Saved entries -

# # # # # # #

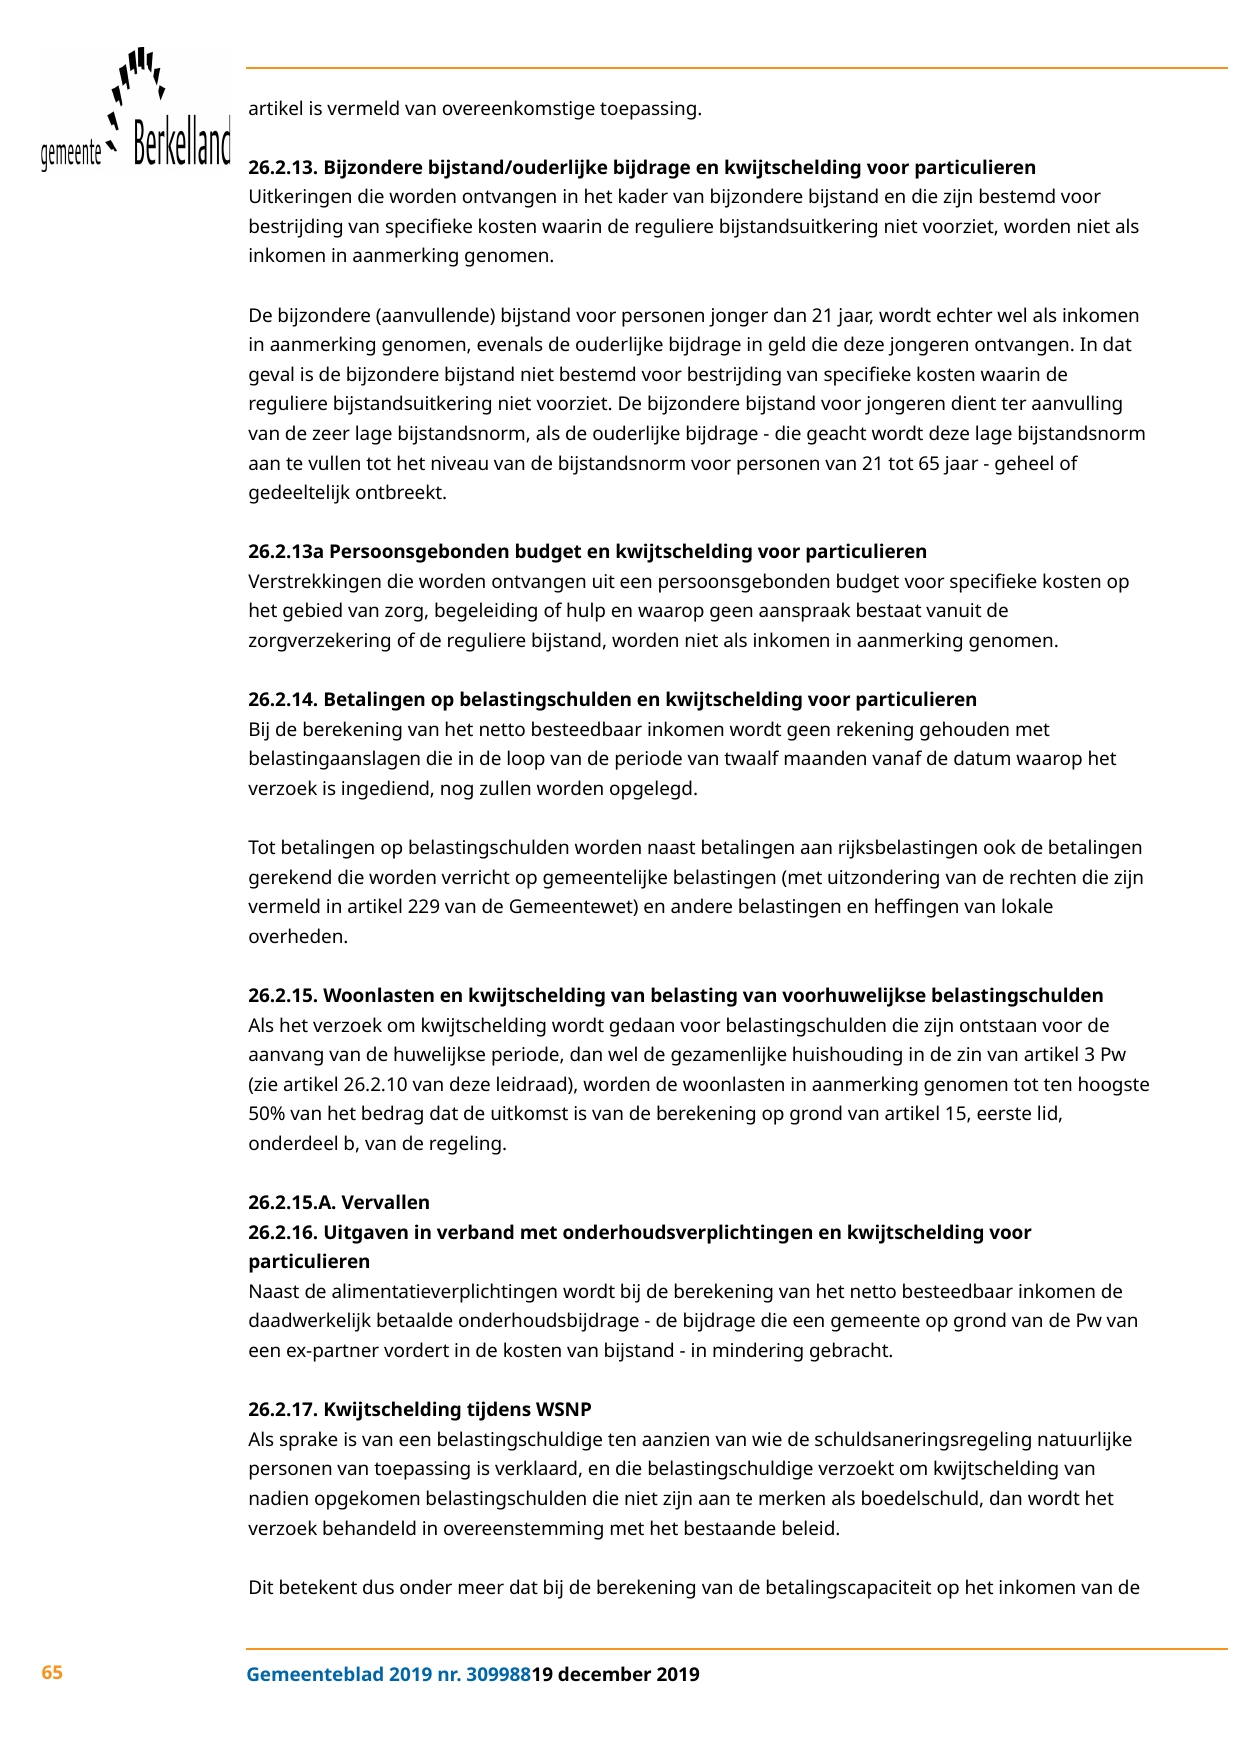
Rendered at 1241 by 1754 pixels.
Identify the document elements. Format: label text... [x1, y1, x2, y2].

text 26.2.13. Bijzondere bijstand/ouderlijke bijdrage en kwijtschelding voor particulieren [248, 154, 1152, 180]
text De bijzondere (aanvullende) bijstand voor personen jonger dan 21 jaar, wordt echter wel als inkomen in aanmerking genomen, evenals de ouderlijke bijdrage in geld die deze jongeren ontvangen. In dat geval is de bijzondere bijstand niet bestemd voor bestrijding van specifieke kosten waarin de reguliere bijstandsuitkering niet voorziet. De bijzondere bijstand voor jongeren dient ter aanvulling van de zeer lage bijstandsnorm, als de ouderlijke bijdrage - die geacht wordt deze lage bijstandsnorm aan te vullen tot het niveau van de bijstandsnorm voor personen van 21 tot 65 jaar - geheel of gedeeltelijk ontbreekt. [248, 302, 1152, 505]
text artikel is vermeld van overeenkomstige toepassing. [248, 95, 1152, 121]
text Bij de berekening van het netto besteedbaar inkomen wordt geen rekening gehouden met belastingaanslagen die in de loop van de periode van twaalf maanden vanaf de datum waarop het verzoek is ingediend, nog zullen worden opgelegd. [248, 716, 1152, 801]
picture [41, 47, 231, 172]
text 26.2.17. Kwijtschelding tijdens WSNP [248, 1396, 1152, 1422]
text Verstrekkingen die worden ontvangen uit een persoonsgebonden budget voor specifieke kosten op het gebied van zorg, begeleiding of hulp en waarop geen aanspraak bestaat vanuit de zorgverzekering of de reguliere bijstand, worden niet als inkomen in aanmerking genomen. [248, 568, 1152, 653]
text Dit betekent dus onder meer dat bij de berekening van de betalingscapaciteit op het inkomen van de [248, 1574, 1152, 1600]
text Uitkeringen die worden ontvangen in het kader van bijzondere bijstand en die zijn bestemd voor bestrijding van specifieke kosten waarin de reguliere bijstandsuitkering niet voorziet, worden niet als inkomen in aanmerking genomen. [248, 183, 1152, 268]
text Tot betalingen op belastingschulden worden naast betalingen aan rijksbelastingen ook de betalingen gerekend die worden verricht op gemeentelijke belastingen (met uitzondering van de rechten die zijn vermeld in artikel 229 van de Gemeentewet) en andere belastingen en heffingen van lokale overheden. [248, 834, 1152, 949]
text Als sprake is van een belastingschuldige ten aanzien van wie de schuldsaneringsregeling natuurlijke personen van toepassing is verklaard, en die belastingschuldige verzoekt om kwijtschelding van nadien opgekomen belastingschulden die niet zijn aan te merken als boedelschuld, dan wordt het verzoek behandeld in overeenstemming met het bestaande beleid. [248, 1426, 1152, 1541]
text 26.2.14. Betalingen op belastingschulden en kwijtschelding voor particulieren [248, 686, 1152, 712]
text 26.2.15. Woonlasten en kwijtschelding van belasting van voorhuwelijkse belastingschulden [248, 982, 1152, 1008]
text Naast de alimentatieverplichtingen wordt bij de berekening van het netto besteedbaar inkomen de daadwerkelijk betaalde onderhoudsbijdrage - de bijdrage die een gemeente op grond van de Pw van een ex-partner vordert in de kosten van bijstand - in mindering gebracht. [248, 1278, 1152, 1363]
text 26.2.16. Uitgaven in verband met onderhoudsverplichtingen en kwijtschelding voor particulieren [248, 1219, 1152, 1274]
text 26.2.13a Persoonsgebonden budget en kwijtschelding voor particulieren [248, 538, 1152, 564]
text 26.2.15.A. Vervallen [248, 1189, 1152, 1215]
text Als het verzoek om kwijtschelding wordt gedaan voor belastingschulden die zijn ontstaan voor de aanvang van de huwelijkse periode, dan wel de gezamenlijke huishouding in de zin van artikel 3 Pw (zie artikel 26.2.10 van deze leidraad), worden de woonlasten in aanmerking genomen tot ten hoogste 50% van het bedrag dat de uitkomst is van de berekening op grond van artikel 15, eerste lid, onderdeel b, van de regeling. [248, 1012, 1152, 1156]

# # # # # # #

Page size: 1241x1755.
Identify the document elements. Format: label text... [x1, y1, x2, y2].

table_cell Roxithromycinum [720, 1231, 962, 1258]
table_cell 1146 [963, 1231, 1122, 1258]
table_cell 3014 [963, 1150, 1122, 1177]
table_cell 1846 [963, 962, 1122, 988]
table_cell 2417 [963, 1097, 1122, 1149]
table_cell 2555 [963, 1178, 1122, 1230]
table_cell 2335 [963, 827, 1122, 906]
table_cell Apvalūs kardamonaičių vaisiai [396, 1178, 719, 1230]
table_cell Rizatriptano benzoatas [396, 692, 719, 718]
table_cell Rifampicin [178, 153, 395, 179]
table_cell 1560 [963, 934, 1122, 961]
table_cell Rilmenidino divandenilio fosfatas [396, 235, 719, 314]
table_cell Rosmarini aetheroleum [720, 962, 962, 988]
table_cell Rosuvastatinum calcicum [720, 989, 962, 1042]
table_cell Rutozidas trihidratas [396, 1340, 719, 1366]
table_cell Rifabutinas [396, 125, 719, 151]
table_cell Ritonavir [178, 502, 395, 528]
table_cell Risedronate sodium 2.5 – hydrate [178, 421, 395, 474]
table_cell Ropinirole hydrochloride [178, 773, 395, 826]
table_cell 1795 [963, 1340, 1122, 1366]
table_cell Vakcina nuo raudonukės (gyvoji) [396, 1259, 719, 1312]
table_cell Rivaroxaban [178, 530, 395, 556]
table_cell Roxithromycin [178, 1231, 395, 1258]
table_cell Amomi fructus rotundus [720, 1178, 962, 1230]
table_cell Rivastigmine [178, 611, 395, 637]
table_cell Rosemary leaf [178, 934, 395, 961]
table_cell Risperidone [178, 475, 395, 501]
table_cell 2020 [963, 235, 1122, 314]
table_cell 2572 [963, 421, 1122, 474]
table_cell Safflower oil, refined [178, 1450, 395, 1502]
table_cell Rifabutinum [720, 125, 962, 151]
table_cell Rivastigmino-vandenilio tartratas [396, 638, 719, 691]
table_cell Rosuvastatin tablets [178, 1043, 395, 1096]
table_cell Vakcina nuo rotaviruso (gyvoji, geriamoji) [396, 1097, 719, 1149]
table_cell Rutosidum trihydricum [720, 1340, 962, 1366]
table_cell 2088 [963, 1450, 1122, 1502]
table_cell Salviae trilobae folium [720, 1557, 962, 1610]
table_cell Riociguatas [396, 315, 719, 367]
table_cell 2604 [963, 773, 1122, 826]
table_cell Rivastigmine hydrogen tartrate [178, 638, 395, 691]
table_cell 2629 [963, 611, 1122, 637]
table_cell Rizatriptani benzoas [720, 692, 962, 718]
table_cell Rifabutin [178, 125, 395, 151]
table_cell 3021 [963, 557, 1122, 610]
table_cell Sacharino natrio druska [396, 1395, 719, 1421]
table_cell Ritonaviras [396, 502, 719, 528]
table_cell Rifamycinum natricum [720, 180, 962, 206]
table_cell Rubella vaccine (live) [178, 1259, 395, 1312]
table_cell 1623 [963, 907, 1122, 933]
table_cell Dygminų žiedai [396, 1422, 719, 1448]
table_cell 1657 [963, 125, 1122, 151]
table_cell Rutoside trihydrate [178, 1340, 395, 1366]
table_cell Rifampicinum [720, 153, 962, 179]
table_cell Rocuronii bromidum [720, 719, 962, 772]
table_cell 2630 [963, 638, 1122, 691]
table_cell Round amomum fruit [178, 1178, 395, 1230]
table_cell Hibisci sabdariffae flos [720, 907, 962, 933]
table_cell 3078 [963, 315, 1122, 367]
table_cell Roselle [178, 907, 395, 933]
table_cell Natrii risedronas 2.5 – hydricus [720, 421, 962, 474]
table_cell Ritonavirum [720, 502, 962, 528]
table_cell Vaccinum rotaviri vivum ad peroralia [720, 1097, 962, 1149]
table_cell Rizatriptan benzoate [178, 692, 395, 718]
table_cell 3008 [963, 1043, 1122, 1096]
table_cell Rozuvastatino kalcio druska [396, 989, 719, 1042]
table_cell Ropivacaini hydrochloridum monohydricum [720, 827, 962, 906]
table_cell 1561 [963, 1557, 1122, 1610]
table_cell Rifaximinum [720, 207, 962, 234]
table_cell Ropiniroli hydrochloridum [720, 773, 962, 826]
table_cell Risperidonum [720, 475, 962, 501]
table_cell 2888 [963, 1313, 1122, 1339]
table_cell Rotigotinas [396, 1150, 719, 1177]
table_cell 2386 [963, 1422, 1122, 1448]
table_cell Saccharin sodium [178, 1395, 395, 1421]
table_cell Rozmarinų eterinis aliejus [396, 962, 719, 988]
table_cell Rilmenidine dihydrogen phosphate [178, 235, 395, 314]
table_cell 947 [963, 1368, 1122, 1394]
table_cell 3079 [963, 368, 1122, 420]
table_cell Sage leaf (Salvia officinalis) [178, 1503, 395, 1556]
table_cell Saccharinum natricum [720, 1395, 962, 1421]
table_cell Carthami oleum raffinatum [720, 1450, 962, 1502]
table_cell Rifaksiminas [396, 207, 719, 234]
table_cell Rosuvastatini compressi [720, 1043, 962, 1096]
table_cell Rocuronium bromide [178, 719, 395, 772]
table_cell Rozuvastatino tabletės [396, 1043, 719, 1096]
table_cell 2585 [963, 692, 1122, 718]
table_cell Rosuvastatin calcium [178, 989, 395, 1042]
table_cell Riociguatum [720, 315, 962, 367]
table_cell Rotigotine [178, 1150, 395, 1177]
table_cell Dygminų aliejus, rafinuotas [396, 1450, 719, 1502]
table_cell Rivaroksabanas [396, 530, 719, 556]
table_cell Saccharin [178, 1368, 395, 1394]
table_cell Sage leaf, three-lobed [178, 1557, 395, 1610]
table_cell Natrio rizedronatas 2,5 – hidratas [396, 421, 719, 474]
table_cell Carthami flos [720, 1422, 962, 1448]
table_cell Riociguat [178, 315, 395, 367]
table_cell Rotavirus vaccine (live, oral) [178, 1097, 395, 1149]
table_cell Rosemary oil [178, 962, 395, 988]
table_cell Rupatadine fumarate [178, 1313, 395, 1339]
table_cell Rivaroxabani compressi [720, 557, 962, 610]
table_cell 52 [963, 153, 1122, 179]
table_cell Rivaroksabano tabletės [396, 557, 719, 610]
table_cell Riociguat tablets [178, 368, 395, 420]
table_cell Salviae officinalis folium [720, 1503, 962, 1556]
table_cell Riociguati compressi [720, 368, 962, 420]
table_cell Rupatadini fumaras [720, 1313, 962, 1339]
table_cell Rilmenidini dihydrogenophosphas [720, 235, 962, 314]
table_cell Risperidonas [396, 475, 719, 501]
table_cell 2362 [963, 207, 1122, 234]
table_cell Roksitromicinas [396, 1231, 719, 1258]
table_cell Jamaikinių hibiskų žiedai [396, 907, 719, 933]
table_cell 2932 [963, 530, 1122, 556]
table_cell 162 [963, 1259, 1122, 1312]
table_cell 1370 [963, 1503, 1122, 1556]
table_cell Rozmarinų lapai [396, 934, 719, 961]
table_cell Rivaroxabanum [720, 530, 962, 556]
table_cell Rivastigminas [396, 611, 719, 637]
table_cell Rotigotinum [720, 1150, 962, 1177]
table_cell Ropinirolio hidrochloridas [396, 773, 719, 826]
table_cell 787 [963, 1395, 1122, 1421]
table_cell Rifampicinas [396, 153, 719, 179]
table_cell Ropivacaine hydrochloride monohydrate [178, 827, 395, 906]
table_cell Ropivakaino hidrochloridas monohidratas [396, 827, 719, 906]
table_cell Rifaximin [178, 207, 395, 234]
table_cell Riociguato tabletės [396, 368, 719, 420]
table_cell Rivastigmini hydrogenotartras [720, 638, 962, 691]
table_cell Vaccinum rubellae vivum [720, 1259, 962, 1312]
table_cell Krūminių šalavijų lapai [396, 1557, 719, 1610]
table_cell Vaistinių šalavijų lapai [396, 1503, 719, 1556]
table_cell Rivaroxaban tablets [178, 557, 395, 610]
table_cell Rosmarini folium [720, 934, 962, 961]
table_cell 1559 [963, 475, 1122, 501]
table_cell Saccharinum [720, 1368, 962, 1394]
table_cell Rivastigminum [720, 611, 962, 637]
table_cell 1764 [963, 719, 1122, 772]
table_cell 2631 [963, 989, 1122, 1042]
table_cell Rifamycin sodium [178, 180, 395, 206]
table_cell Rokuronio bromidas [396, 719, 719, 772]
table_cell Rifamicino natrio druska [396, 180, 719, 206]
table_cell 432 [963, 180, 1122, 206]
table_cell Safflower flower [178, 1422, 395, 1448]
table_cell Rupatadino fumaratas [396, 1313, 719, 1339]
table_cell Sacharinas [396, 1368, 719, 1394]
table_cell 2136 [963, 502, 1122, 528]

# # # # # # #

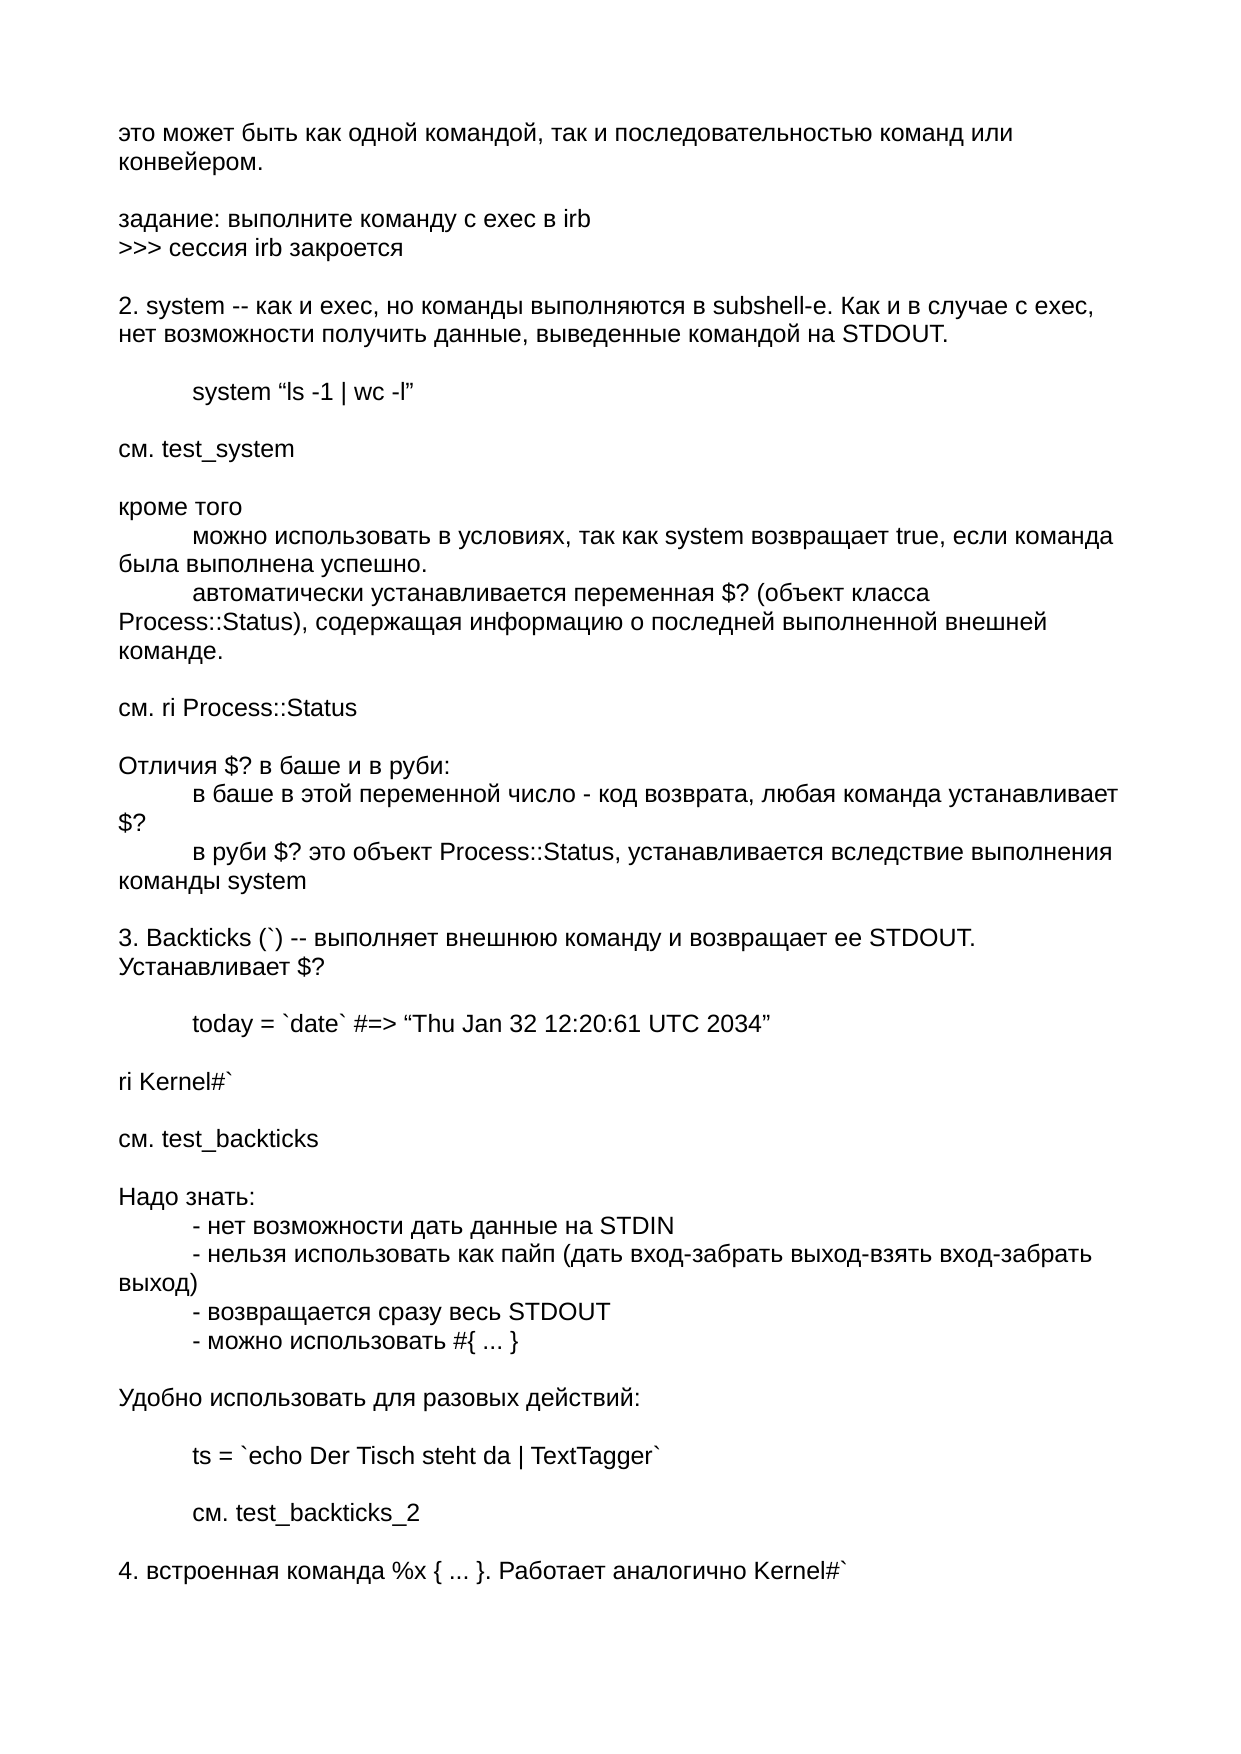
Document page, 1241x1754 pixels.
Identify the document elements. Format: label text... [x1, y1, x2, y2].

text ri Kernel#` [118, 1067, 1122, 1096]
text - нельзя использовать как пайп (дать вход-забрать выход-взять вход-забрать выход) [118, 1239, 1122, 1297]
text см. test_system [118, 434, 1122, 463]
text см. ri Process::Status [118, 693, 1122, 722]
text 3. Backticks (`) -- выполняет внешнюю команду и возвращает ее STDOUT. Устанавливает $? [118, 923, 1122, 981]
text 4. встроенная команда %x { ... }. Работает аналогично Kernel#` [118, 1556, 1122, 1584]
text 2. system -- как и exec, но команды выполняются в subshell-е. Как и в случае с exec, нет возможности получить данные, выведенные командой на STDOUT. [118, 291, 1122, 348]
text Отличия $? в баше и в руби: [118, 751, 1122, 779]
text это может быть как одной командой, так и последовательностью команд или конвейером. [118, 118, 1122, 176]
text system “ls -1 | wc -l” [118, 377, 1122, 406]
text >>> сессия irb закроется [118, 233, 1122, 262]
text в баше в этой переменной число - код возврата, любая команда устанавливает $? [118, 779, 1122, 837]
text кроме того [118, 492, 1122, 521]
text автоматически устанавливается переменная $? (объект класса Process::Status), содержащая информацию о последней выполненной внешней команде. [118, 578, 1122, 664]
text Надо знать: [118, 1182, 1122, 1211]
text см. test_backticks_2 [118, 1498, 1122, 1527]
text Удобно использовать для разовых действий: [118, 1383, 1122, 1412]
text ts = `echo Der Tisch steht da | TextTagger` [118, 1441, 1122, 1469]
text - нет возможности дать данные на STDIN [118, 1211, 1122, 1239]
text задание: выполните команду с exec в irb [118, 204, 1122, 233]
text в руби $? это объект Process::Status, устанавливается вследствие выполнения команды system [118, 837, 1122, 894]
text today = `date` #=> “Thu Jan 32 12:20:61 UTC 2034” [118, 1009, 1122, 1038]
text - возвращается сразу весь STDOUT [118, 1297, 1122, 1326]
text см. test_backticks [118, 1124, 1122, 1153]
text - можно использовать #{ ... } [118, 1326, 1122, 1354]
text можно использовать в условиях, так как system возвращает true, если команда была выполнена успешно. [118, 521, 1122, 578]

# # # # # # #

Give back exactly the lines above starting at the line where "table_cell Rozmarinų lapai" appears and ending at the line where "table_cell 1764 [963, 719, 1122, 772]" appears, both included, with no other lines.

Result for this task -
table_cell Rozmarinų lapai [396, 934, 719, 961]
table_cell Rivaroxabanum [720, 530, 962, 556]
table_cell Rivastigminas [396, 611, 719, 637]
table_cell Rotigotinum [720, 1150, 962, 1177]
table_cell Ropinirolio hidrochloridas [396, 773, 719, 826]
table_cell 787 [963, 1395, 1122, 1421]
table_cell Rifampicinas [396, 153, 719, 179]
table_cell Ropivacaine hydrochloride monohydrate [178, 827, 395, 906]
table_cell Ropivakaino hidrochloridas monohidratas [396, 827, 719, 906]
table_cell Rifaximin [178, 207, 395, 234]
table_cell Riociguato tabletės [396, 368, 719, 420]
table_cell Rivastigmini hydrogenotartras [720, 638, 962, 691]
table_cell Vaccinum rubellae vivum [720, 1259, 962, 1312]
table_cell Krūminių šalavijų lapai [396, 1557, 719, 1610]
table_cell Vaistinių šalavijų lapai [396, 1503, 719, 1556]
table_cell Rivaroxaban tablets [178, 557, 395, 610]
table_cell Rosmarini folium [720, 934, 962, 961]
table_cell 1559 [963, 475, 1122, 501]
table_cell Saccharinum [720, 1368, 962, 1394]
table_cell Rivastigminum [720, 611, 962, 637]
table_cell 1764 [963, 719, 1122, 772]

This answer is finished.